Far from being based around anti-social behavior, skating has a rich cultural history which holds deep importance to many who adopt its lifestyle; the primary components of this history are not only the pioneering individuals but also the legendary locations which play host to the culture. Like in basketball, where the glitzy Madison Square Garden and the rugged Rucker Park are revered in equal but opposite ways, these cultural landmarks can be the locations of ground-breaking events or they can simply be a location that has fostered the development of countless individuals. The best locations eventually reach such critical mass that they do both.
The fact that these locations are frequently described in religious terms is no coincidence: the Southbank skate-park may not hold quite the same cultural importance as the real Mecca, but this comparison gives some indication as to how skaters feel about it. The comments added by those signing the petition are littered with references to the Southbank as a “temple” or a “shrine to UK skateboarding”, as well as stories of what are effectively pilgrimages from all over the world to experience the aura of the under-croft.
The most unusual facet of the ‘temples’ of skateboarding though, is that they frequently begin life as leftover urban spaces; skating is one of only a handful of cultures that forms such strong, quasi-religious attachments to discovered rather than purpose-built spaces. A large part of skating culture is the ethos of creative adaptation: skaters have to adapt their tricks and ‘lines’ to the space. If the opposite is true, and the space is designed to suit certain tricks and lines, it can sometimes feel like the challenge is missing. This is supported by Andrew Norton’s statement on the 99% Invisible show that “part of me thinks these designated places to skateboard kind of miss the point. It’s like running a marathon on a treadmill.”

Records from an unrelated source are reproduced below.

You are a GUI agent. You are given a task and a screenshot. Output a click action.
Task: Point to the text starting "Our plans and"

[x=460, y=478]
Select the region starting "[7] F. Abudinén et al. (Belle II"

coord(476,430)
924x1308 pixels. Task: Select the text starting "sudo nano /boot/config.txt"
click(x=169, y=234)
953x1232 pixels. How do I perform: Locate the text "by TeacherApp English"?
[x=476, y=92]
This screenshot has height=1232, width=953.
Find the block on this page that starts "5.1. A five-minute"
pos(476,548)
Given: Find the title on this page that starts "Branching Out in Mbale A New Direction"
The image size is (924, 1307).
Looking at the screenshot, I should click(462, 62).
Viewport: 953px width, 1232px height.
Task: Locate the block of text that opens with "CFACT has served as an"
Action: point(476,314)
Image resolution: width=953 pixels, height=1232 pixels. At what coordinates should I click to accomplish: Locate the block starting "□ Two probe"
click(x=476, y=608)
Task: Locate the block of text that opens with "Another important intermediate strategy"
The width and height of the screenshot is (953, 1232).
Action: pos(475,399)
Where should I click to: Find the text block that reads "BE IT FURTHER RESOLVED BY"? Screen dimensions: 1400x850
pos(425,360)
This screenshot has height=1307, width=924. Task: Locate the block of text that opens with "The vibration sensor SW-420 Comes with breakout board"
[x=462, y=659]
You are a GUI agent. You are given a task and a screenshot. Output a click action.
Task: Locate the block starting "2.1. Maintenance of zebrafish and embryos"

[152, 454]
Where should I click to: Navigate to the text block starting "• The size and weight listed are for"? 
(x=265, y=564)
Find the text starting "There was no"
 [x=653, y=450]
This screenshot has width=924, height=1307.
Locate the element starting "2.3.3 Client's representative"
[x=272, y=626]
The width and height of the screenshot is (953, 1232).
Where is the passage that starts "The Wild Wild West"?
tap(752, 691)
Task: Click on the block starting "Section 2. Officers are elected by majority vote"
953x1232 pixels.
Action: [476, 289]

Clearly this is not simply a case of finding an empty space for skaters to inhabit on the southern bank of the Thames. For skating culture, the Queen Elizabeth Hall under-croft would take many years to replace, and success in the new location is by no means guaranteed in the first place.
To their credit, the people behind the new Southbank Centre are not ogres who wish to be rid of the skateboarders entirely. They have offered a space as close as possible, and in a strange way seem to have some understanding of what makes the under-croft special: a statement lauds the fact that the new location is “a found, urban space, not purpose built” (whether an ‘officially approved found space’ would satisfy the needs of skaters is, as far as I am aware, an issue without precedent). But this does not mean that they are able to satisfy all the needs of the skating community.
To achieve the goal of both redeveloping the Southbank Centre and protecting skaters’ rights, the solution cannot be to move the skaters. Rather, the design needs to be adjusted so that the under-croft is no longer “pivotal” to the success of the scheme. After all, is it easier to alter an as-yet-unrealized design, or to manipulate decades of social and cultural history?